Has anyone ever read this? In whole? Because I just have read at least most of it. It states very clearly that @Kookookachu is right. If you import for personal use you don't need a permit and you don't need to pay a fee. Here's the fee part, from the very long document cited:

Individuals or organizations that
import or export shipments of wildlife
for noncommercial purposes at
designated ports that do not contain
species that are protected by Federal
law or international treaty, along with
individuals or organizations that import
or export live specimens, will continue
to be exempt from designated port
inspection fees.

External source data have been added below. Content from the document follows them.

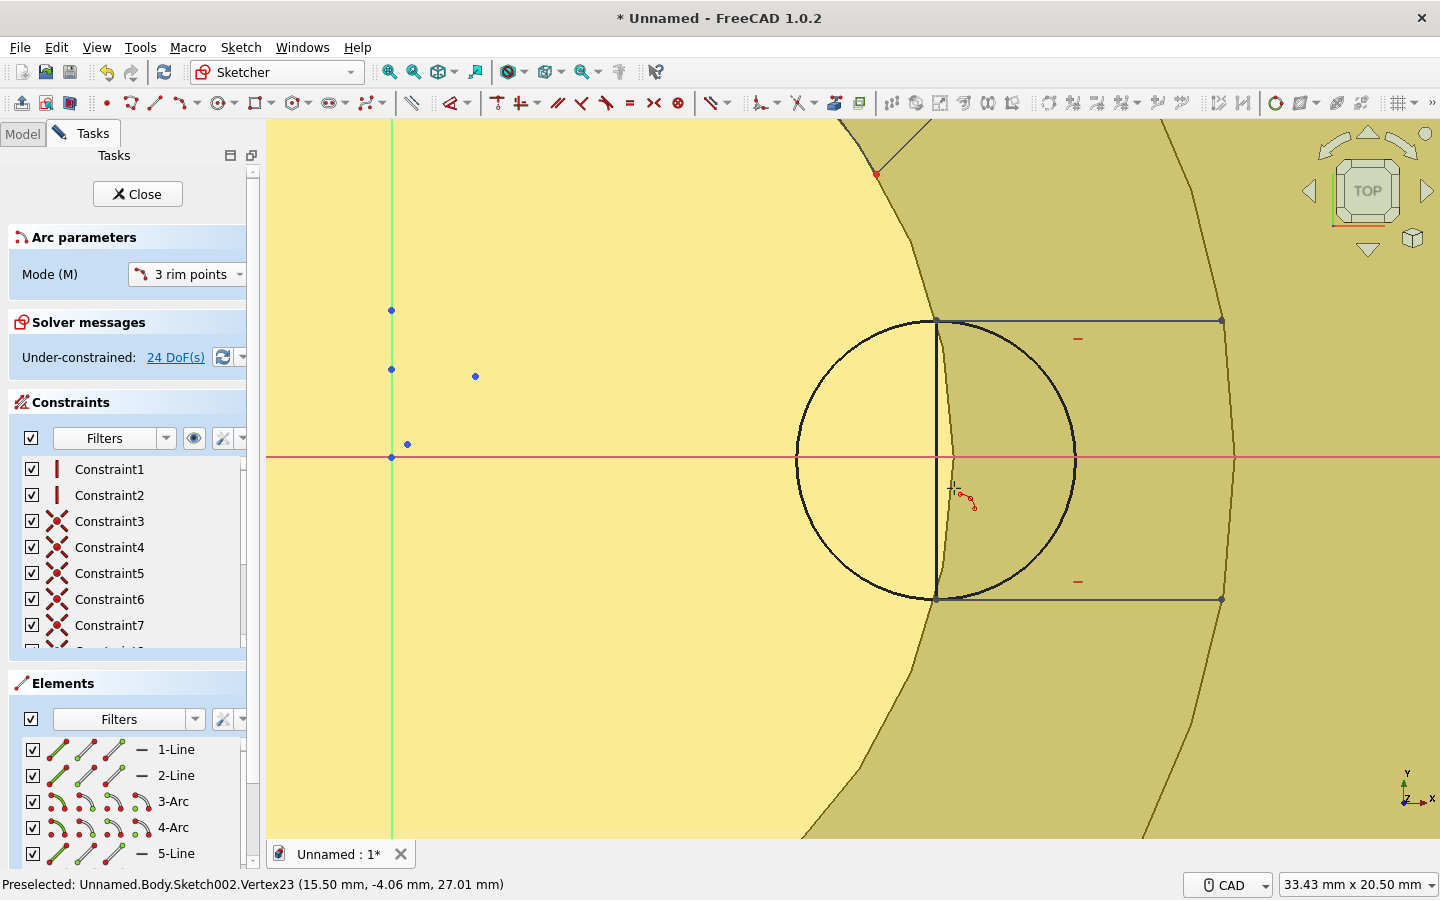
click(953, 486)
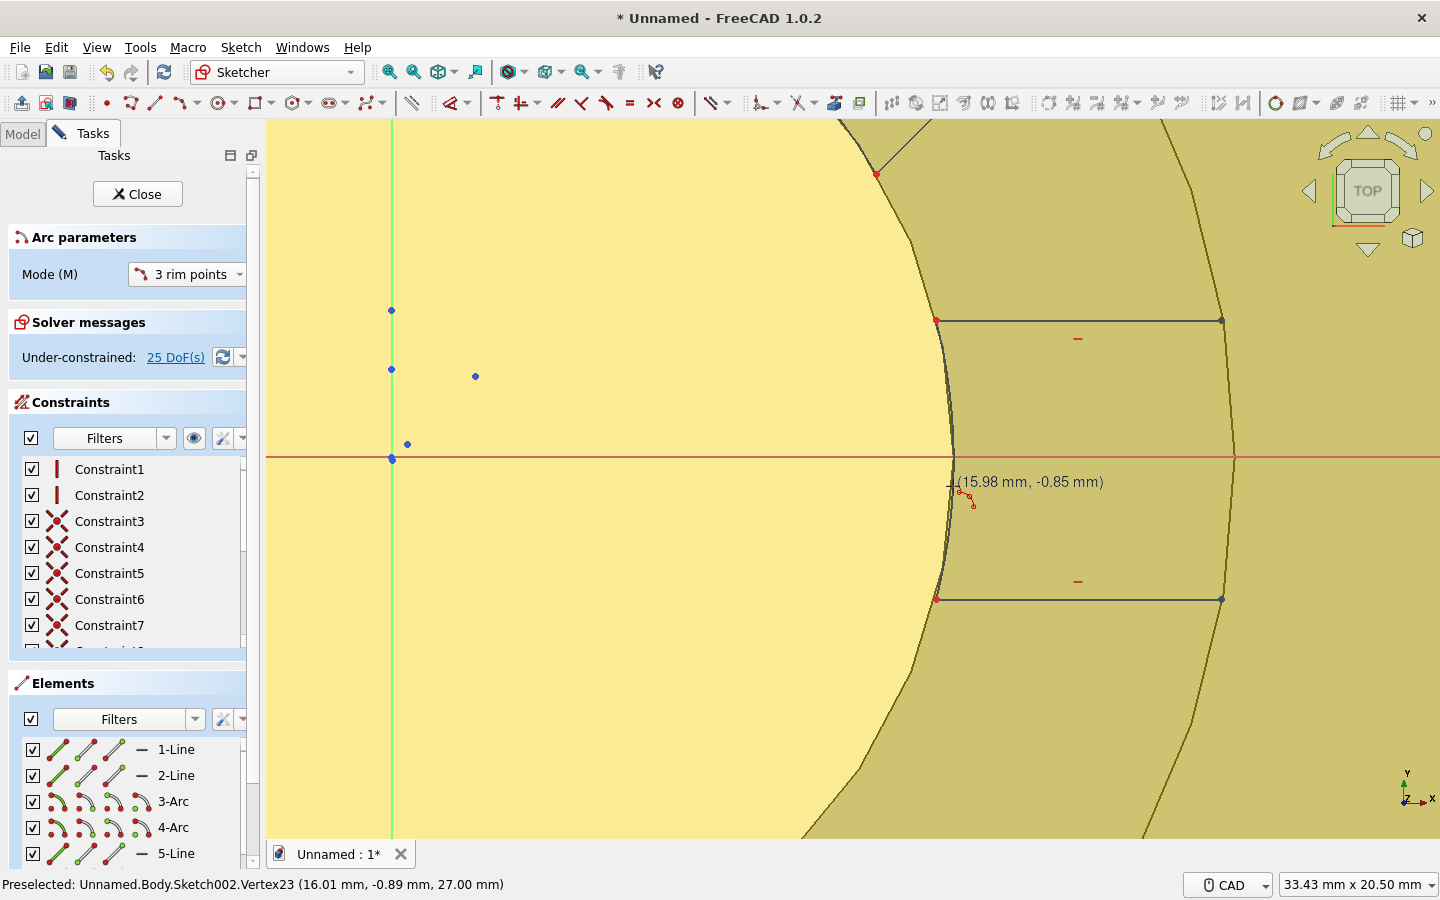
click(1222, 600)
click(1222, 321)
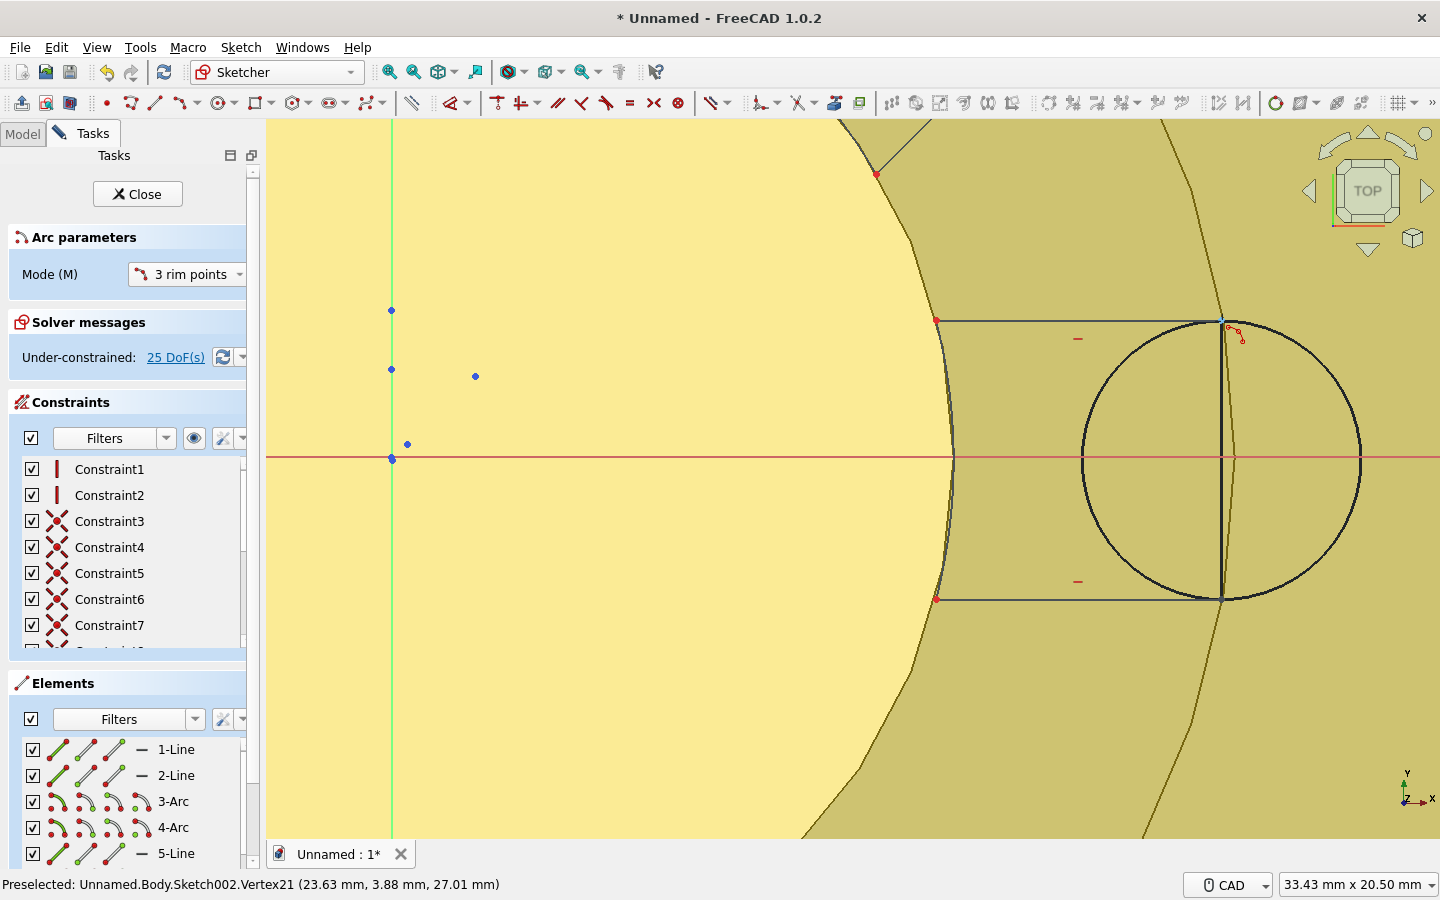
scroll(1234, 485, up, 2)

These individuals or
organizations will still be responsible
for overtime fees for any shipments
inspected outside normal working
hours, as well as all fees for import or
export through a nondesignated port

The permit part has been stated above in this thread, I think. You can even ship via a nondesignated port and there are exeptions to that fee, too, although I kind of got tired of reading that in detail. 
I find it a little bit weird that you post something to contradict someone that actually demonstrates that someone is right.

Reactions: Like 2


----------



## Collin Clary (Mar 2, 2017)

boina said:


> Has anyone ever read this? In whole? Because I just have read at least most of it. It states very clearly that @Kookookachu is right. If you import for personal use you don't need a permit and you don't need to pay a fee. Here's the fee part, from the very long document cited:
> 
> Individuals or organizations that
> import or export shipments of wildlife
> ...


Nobody said that you need to have a permit for personal use.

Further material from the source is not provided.